Judul: Kerumunan Terakhir
Penulis: Okky Madasari
Penerbit: PT Gramedia Pustaka Utama
Tahun Terbit: 2016
Bahasa: Bahasa Indonesia
Jumlah Halaman: 357 halaman

--- [] ---

Menurut peringkat, kecepatan internet di Indonesia terletak di dua paling bontot di Asia Tenggara. Namun anehnya, Indonesia memiliki pengguna media sosial paling banyak. Dua fakta yang kontradiktif tapi masuk akal untuk dighibahin dan ditelaah secara ilmiah.

Dan pilihan ghibah buku kali ini adalah salah satu buku favorit saya yaitu Kerumunan Terakhir karya Mbak Okky Madasari. Penulis dari Magetan, Jawa Timur.

--- [] ---

Mayang: Hi, Mbak Okky. Asl pls? F/M? BB/TB?

Mbak Okky: ...

Mayang: Loh, mbak.
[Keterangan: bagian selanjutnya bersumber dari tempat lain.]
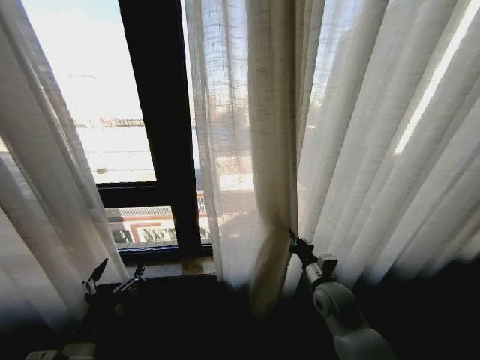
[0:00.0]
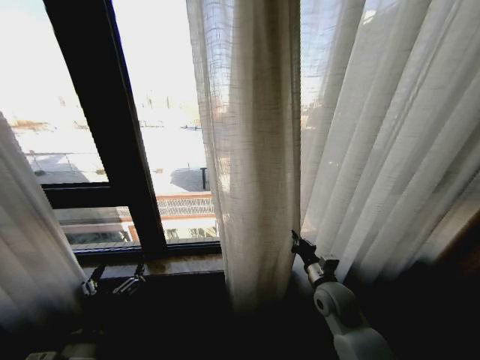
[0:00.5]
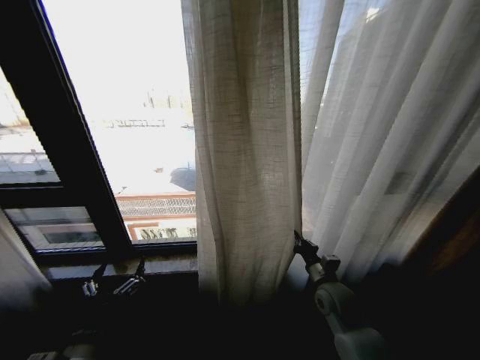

Ini kan bukunya tentang medsos-medsosan. Harusnya kita ghibahin bukunya mbak dengan obrolan ala-ala chatting di medsos dong. Biar afdol!

Mbak Okky: *ketawa satire* Ya udah. Nama saya Okky Madasari. Asal Magetan. Perempuan. BB dan TB rahasia ya. Perempuan mana yang suka ditanya BB dan TB-nya? Emangnya lagi ujian masuk sekolah kedinasan?

Mayang: Hehehe. Kan biasanya anak Friendster dan mIRC begitu, mbak.

Mbak Okky: Oh, maaf. Saya bukan tim kedua medsos tersebut. Jadi awam.

Mayang: Emang Mbak Okky mainnya medsos apa?

Mbak Okky: Yahoo Koprol sama Nimbuzz.

Mayang: Hm... Umur memang nggak bisa bohong.

Mbak Okky: APA KAMU BILANG?!?

Mayang: Eh, maap, mbak. Canda. Hehe. Gimana kalau kita lanjut ghibahin buku mbak aja? Keburu musim dingin ini. Saya harus hibernasi.

Mbak Okky: Oke. Btw, kamu juga dari Jawa Timur ya? Logatnya sama.

Mayang: Ah, iya, mbak. Saya orang Kediri. Dulu sempat KKN di Magetan. Sekarang domisili Solo. Kenapa? Terlihat anggun ya karena udah lama tinggal di Solo?

Mbak Okky: Enggak. Masih petakilan.

Mayang: *manyun* Baik. Oh iya, mbak mau minum atau  ngemil apa? Saya siapin dulu.

Mbak Okky: Air putih aja.

Mayang: Yakin? Nggak mau Okky Jelly Drink nih biar sesuai dengan nama mbaknya?

Mbak Okky: AIR. PUTIH. AJA.

Mayang: Oke. Baiklah. *brb ngambil segelas air putih*

Mbak Okky: *nungguin*

Mayang: Ini mbak.

Mbak Okky: Makasih.

Mayang: Yuk, lanjut, mbak. Kita ghibahin Kerumunan Terakhir.

Mbak Okky: Ayo!

Mayang: Ini adalah buku Mbak Okky yang pertama kali saya baca loh, mbak. Saya belum baca yang Entrok dan Maryam. Juga buku anak-anak yang baru rilis. Saya bacanya nanti aja nggak papa ya. Soalnya ini buku yang paling relate dengan isi kepala saya.

Mbak Okky: Nggak papa. Memangnya apa isi kepala kamu?

Mayang: Saya udah nggak main medsos, mbak. Sama seperti di bagian akhir buku ini. Jay dan Maera berusaha mencari kehidupan tanpa medsos kan?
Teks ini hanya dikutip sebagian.